··· Exercise materials

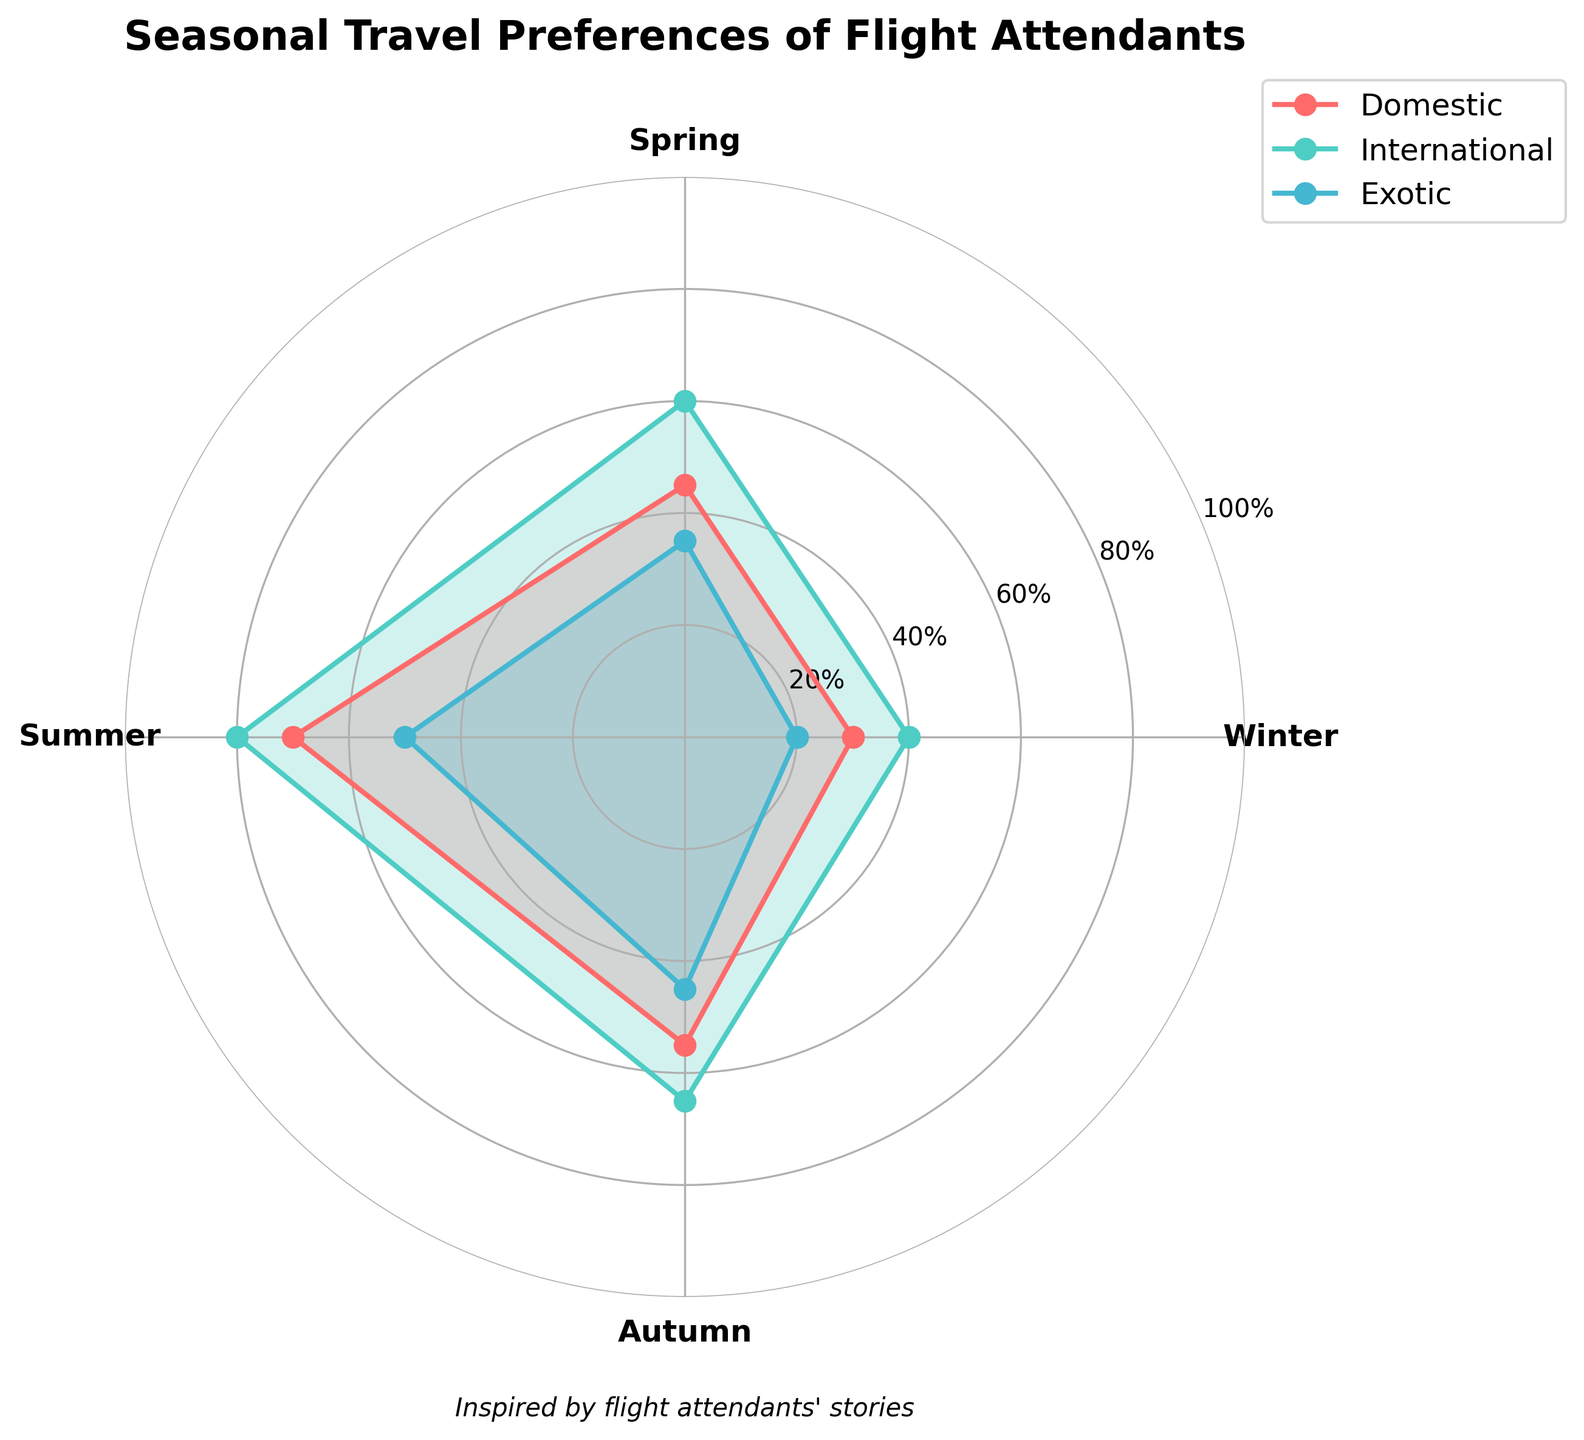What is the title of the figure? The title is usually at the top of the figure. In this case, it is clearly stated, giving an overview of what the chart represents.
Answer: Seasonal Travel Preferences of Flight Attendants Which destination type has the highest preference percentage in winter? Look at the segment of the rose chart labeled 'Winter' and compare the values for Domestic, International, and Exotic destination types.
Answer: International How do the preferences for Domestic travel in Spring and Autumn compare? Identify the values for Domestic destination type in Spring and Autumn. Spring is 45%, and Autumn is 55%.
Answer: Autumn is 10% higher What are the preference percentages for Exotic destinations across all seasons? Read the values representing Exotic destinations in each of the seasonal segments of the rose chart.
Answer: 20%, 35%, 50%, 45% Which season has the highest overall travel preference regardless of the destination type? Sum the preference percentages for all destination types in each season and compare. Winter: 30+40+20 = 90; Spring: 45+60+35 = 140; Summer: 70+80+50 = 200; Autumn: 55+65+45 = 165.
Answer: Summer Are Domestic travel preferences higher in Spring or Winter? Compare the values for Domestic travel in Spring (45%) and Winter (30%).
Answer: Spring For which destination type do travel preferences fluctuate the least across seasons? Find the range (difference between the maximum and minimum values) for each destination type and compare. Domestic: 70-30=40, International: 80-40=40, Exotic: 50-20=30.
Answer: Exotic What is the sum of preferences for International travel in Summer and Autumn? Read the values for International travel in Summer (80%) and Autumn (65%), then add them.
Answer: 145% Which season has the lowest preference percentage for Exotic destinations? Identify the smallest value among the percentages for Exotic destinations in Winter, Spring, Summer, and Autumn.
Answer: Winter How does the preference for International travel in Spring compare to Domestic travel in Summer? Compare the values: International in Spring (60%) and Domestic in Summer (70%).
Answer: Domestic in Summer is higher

······

:: Task instructions ::
Give every entry again word for word; no images belong in the copy.

:: Answer to this task ::
What is the title of the figure? The title is usually at the top of the figure. In this case, it is clearly stated, giving an overview of what the chart represents.
Answer: Seasonal Travel Preferences of Flight Attendants Which destination type has the highest preference percentage in winter? Look at the segment of the rose chart labeled 'Winter' and compare the values for Domestic, International, and Exotic destination types.
Answer: International How do the preferences for Domestic travel in Spring and Autumn compare? Identify the values for Domestic destination type in Spring and Autumn. Spring is 45%, and Autumn is 55%.
Answer: Autumn is 10% higher What are the preference percentages for Exotic destinations across all seasons? Read the values representing Exotic destinations in each of the seasonal segments of the rose chart.
Answer: 20%, 35%, 50%, 45% Which season has the highest overall travel preference regardless of the destination type? Sum the preference percentages for all destination types in each season and compare. Winter: 30+40+20 = 90; Spring: 45+60+35 = 140; Summer: 70+80+50 = 200; Autumn: 55+65+45 = 165.
Answer: Summer Are Domestic travel preferences higher in Spring or Winter? Compare the values for Domestic travel in Spring (45%) and Winter (30%).
Answer: Spring For which destination type do travel preferences fluctuate the least across seasons? Find the range (difference between the maximum and minimum values) for each destination type and compare. Domestic: 70-30=40, International: 80-40=40, Exotic: 50-20=30.
Answer: Exotic What is the sum of preferences for International travel in Summer and Autumn? Read the values for International travel in Summer (80%) and Autumn (65%), then add them.
Answer: 145% Which season has the lowest preference percentage for Exotic destinations? Identify the smallest value among the percentages for Exotic destinations in Winter, Spring, Summer, and Autumn.
Answer: Winter How does the preference for International travel in Spring compare to Domestic travel in Summer? Compare the values: International in Spring (60%) and Domestic in Summer (70%).
Answer: Domestic in Summer is higher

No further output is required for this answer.